Work required:
Extract each record and reproduce it exactly.

(Stored data)
──────────────────────────────
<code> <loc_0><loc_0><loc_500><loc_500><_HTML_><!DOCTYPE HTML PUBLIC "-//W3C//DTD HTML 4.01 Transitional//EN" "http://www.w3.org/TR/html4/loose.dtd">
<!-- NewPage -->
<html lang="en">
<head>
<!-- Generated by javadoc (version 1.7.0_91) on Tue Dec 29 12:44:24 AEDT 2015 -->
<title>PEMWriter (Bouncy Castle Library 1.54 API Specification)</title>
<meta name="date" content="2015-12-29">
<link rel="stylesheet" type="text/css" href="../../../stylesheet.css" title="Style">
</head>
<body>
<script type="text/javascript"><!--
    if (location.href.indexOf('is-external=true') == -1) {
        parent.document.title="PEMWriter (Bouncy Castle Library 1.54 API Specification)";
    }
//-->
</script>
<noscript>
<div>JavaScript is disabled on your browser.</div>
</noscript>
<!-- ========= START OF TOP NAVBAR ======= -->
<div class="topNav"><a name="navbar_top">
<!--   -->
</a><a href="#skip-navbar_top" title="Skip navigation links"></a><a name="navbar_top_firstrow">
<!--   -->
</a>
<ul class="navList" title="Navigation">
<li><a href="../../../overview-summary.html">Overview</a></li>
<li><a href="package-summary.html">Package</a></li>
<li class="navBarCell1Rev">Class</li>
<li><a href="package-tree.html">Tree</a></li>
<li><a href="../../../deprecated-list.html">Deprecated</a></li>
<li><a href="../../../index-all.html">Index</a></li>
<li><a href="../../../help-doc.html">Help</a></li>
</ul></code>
──────────────────────────────
Solution for this exercise:
<code> <loc_0><loc_0><loc_500><loc_500><_HTML_><!DOCTYPE HTML PUBLIC "-//W3C//DTD HTML 4.01 Transitional//EN" "http://www.w3.org/TR/html4/loose.dtd">
<!-- NewPage -->
<html lang="en">
<head>
<!-- Generated by javadoc (version 1.7.0_91) on Tue Dec 29 12:44:24 AEDT 2015 -->
<title>PEMWriter (Bouncy Castle Library 1.54 API Specification)</title>
<meta name="date" content="2015-12-29">
<link rel="stylesheet" type="text/css" href="../../../stylesheet.css" title="Style">
</head>
<body>
<script type="text/javascript"><!--
    if (location.href.indexOf('is-external=true') == -1) {
        parent.document.title="PEMWriter (Bouncy Castle Library 1.54 API Specification)";
    }
//-->
</script>
<noscript>
<div>JavaScript is disabled on your browser.</div>
</noscript>
<!-- ========= START OF TOP NAVBAR ======= -->
<div class="topNav"><a name="navbar_top">
<!--   -->
</a><a href="#skip-navbar_top" title="Skip navigation links"></a><a name="navbar_top_firstrow">
<!--   -->
</a>
<ul class="navList" title="Navigation">
<li><a href="../../../overview-summary.html">Overview</a></li>
<li><a href="package-summary.html">Package</a></li>
<li class="navBarCell1Rev">Class</li>
<li><a href="package-tree.html">Tree</a></li>
<li><a href="../../../deprecated-list.html">Deprecated</a></li>
<li><a href="../../../index-all.html">Index</a></li>
<li><a href="../../../help-doc.html">Help</a></li>
</ul></code>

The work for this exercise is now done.